First and most importantly, our conversion rate went down significantly, by 25% of what it has been in recently weeks.  Also because of the analytics options we could see where exactly people left the checkout and stopped being willing to buy the product from our website, which turned out to be the very 1st step of the checkout with over 50% leaving immediately.  We attribute this to a couple of factors: 

a) Optimized one page checkout looked different from our website.  It was basically pure white and looked very sterile and this was a bit jarring.  This was the most minor factor though.

b) It immediately had an account signup at the start of the checkout.  Of course the checkout as guest option is available, but it still forced users to enter an email to checkout as guest and we think that caused some confusion by making people think they had to have an account to checkout, which also leads into the 3rd point.

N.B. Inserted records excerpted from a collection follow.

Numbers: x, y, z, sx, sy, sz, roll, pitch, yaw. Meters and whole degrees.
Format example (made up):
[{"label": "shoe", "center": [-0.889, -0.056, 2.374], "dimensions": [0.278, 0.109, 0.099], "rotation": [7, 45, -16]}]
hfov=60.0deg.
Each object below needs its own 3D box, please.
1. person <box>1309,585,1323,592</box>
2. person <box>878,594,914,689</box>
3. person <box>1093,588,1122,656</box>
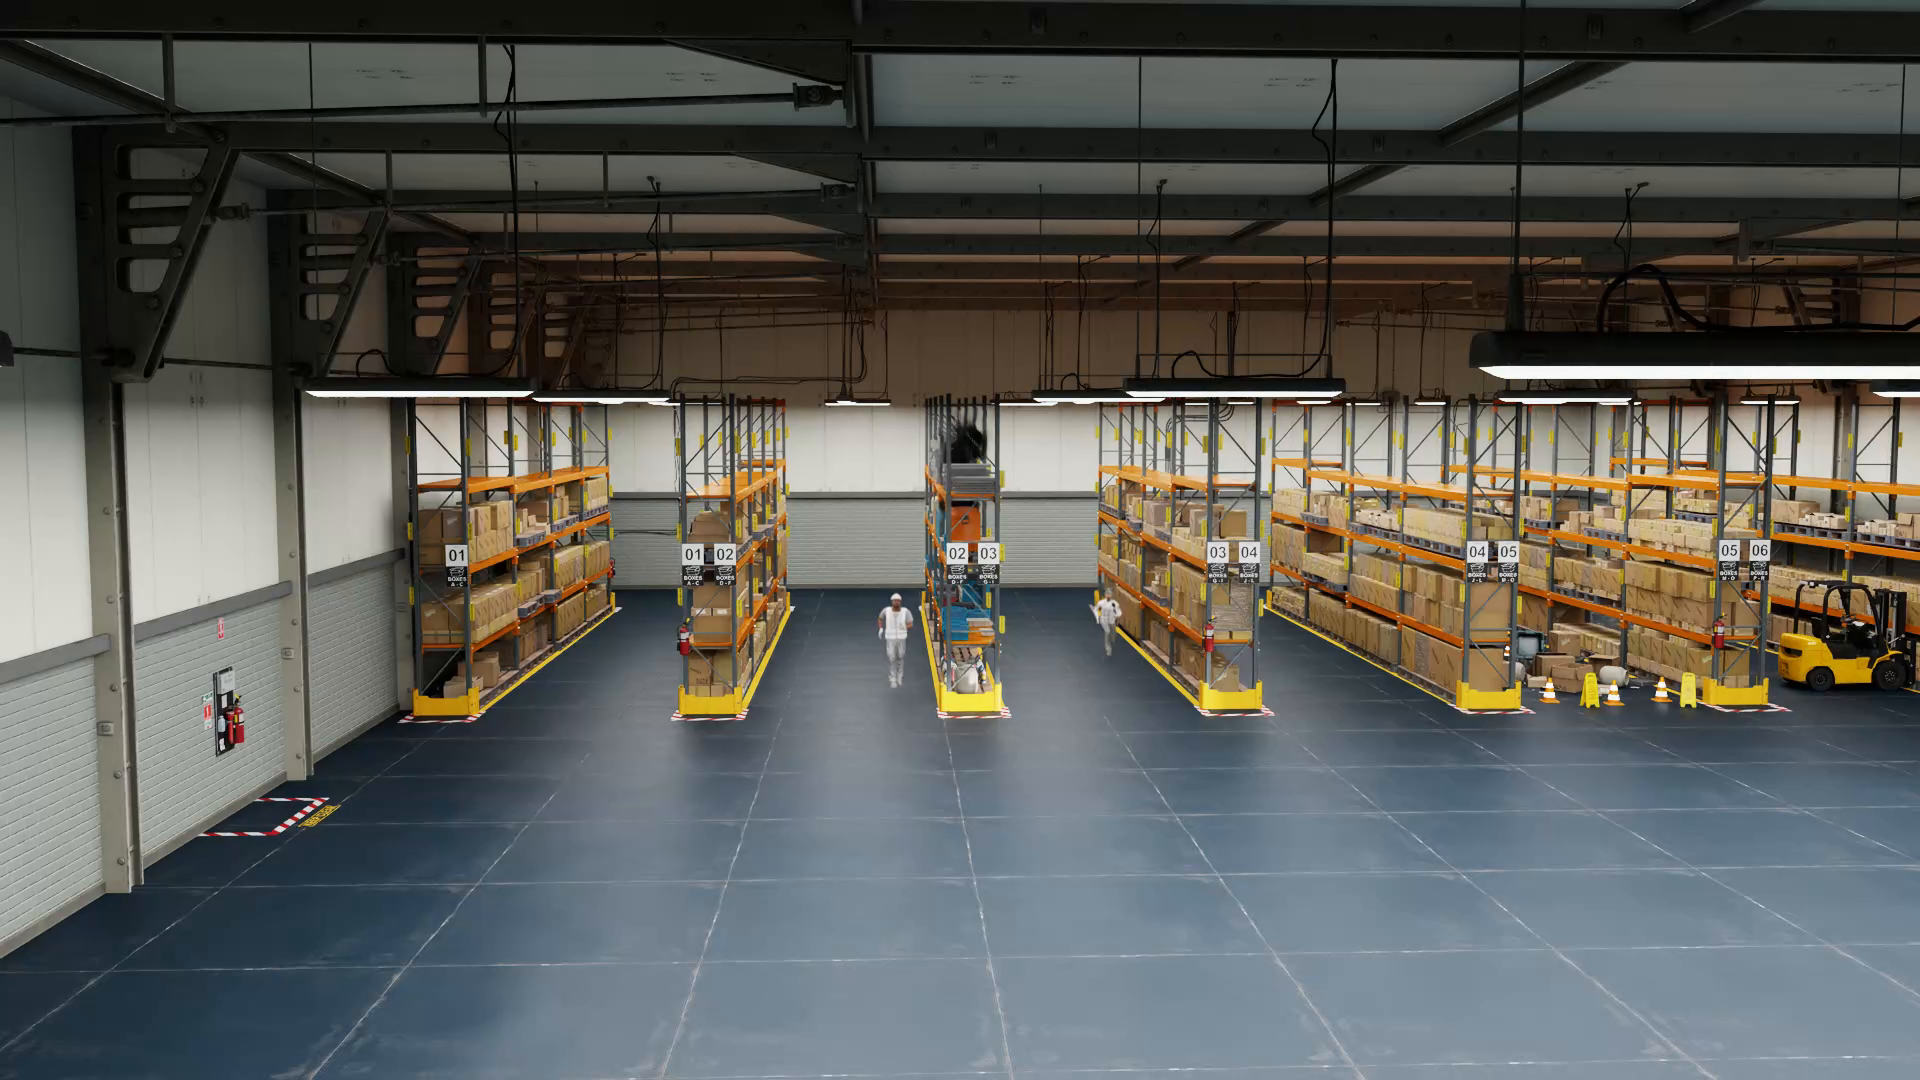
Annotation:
[{"label": "person", "center": [10.493, 1.033, 49.055], "dimensions": [0.616, 1.630, 0.555], "rotation": [0, 5, -3]}, {"label": "person", "center": [-1.245, 1.962, 32.495], "dimensions": [0.685, 1.840, 0.860], "rotation": [0, 5, -6]}, {"label": "person", "center": [3.350, 1.869, 37.665], "dimensions": [0.624, 1.591, 0.903], "rotation": [0, 5, -4]}]
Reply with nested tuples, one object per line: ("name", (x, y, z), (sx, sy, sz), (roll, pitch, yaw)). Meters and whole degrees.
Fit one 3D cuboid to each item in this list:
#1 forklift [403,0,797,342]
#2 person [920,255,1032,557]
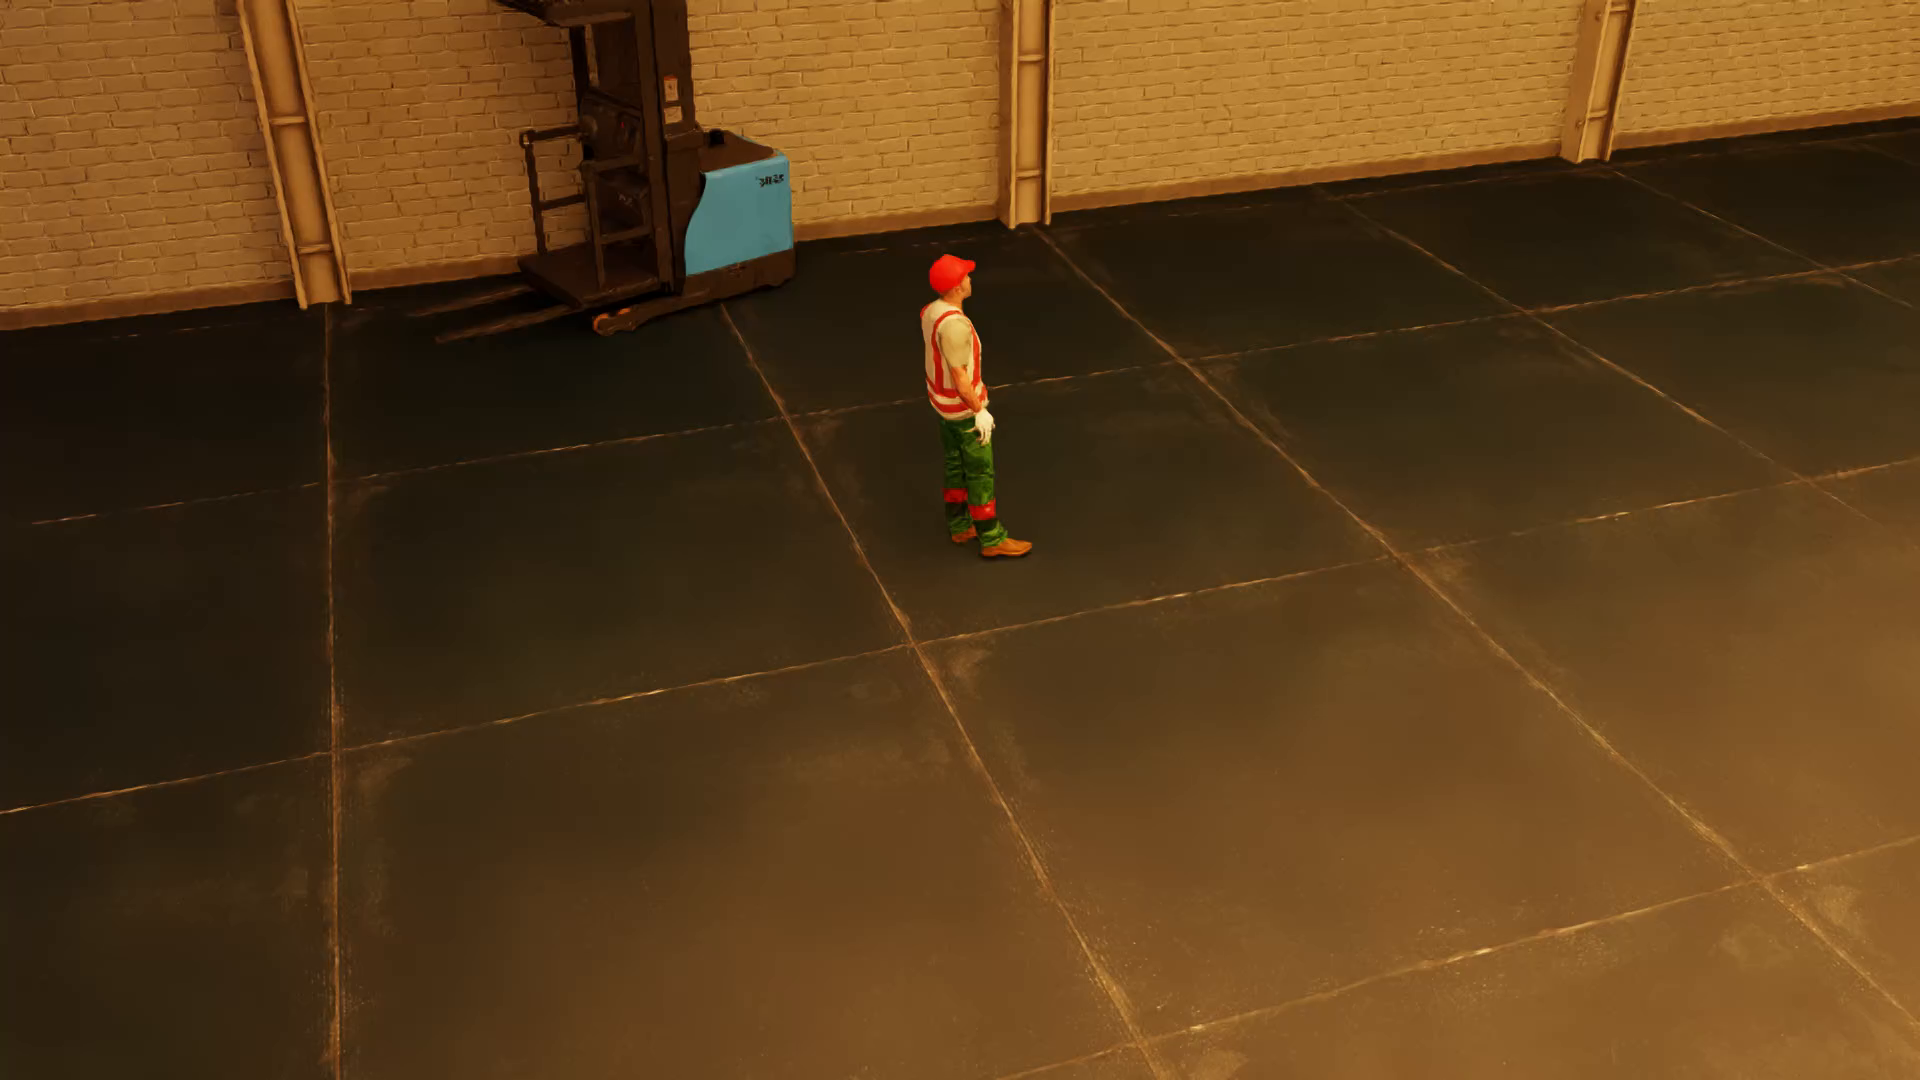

c) It asks you for an email separately from billing and shipping.  Separating the email from this section raises concern, like I mentioned in the last point, but also just being asked to enter your email on it's own seems strange compared to being part of a list of information needed to ship a product and send order and shipping confirmations.

Another thing that did not work out is that nobody really used amazon pay and also amazon pay created some accounting issues.  Paypal handles all of our checkouts, whether the customer checks out by entering their information on our site or clicking the complete through paypal button.  They give us the payment and tell us payment was received right away.  Amazon pay not only waits a few days before this notification, but we don't receive the money immediately as well.  As a result, we've removed this option, which is also not allowed outside of the optimized checkout page so it would have been removed regardless.

One thing the optimized checkout did do was load slightly faster on both desktop and mobile, but not enough that a person could tell, except perhaps on an older smart phone.  Unfortunately most of the promises of the optimized checkout did not hold up or they turned out to not be so good and we have switched back to our older better checkout.  The big downside for us is that we lose ecommerce tracking from google analytics and we have less data to work with, specifically the ability to see when people abandon carts or the checkout to try to determine the cause of it and improve our website, so we are forced to make less educated guesses again.  We also lose the direct link to paypal credit in the checkout, but the option is still available when completing the checkout through paypal's website as one of the payment options (aside form credit card and paypal wallet, I believe).

We experiment with features to improve customer experience from time to time, but sometimes they do not work out.  We've had many successes in the past, but this is the 1st one that has gone so wrong from our expectations.